### The problem:
Which lines in the records below contain the word "Dark"? Return each of them.

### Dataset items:
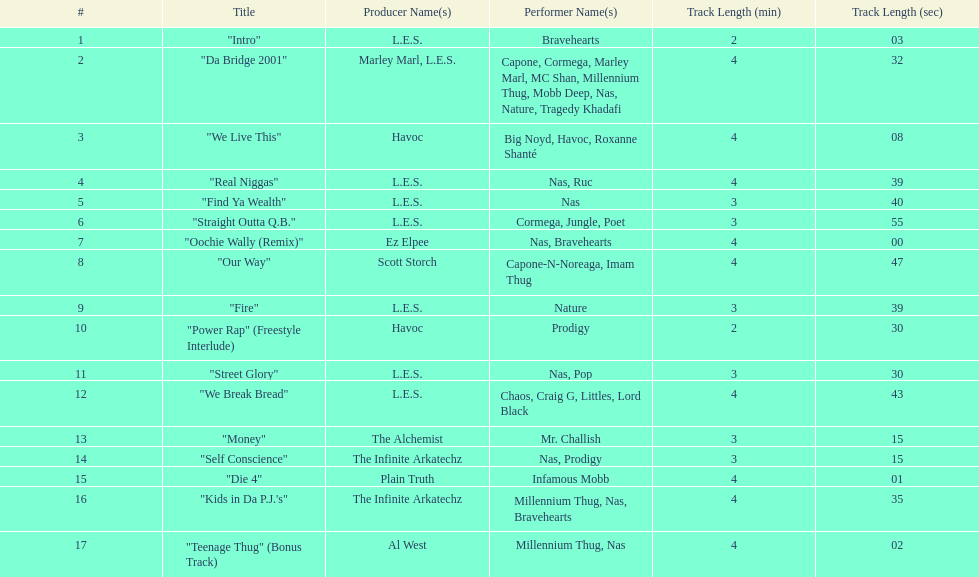How many songs were on the track list? 17. 
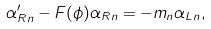<formula> <loc_0><loc_0><loc_500><loc_500>\alpha _ { R n } ^ { \prime } - F ( \phi ) \alpha _ { R n } = - m _ { n } \alpha _ { L n } ,</formula> 
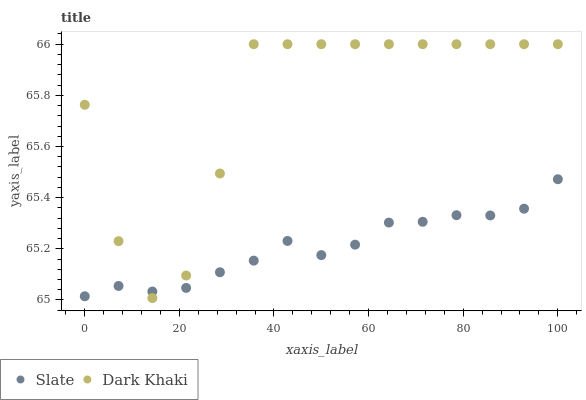Does Slate have the minimum area under the curve?
Answer yes or no. Yes. Does Dark Khaki have the maximum area under the curve?
Answer yes or no. Yes. Does Slate have the maximum area under the curve?
Answer yes or no. No. Is Slate the smoothest?
Answer yes or no. Yes. Is Dark Khaki the roughest?
Answer yes or no. Yes. Is Slate the roughest?
Answer yes or no. No. Does Dark Khaki have the lowest value?
Answer yes or no. Yes. Does Slate have the lowest value?
Answer yes or no. No. Does Dark Khaki have the highest value?
Answer yes or no. Yes. Does Slate have the highest value?
Answer yes or no. No. Does Slate intersect Dark Khaki?
Answer yes or no. Yes. Is Slate less than Dark Khaki?
Answer yes or no. No. Is Slate greater than Dark Khaki?
Answer yes or no. No. 
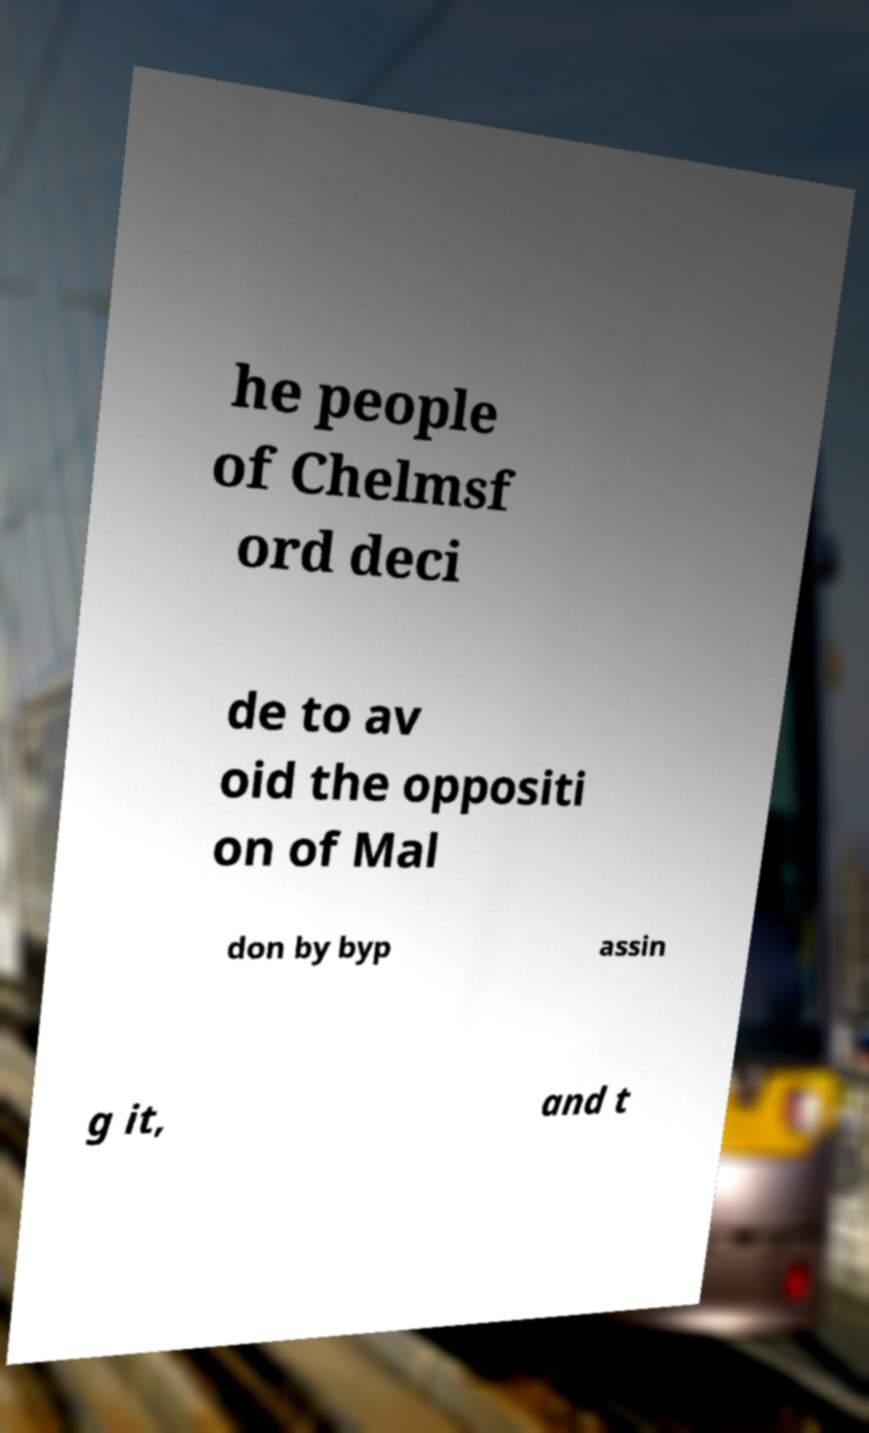I need the written content from this picture converted into text. Can you do that? he people of Chelmsf ord deci de to av oid the oppositi on of Mal don by byp assin g it, and t

### Written solution:
Answer yes or no. Yes. Does Dark Khaki have the maximum area under the curve?
Answer yes or no. Yes. Is Dark Khaki the roughest?
Answer yes or no. No. Does Dark Khaki have the lowest value?
Answer yes or no. No. Does Dark Khaki have the highest value?
Answer yes or no. No. Does Slate intersect Dark Khaki?
Answer yes or no. Yes. Is Slate less than Dark Khaki?
Answer yes or no. No. Is Slate greater than Dark Khaki?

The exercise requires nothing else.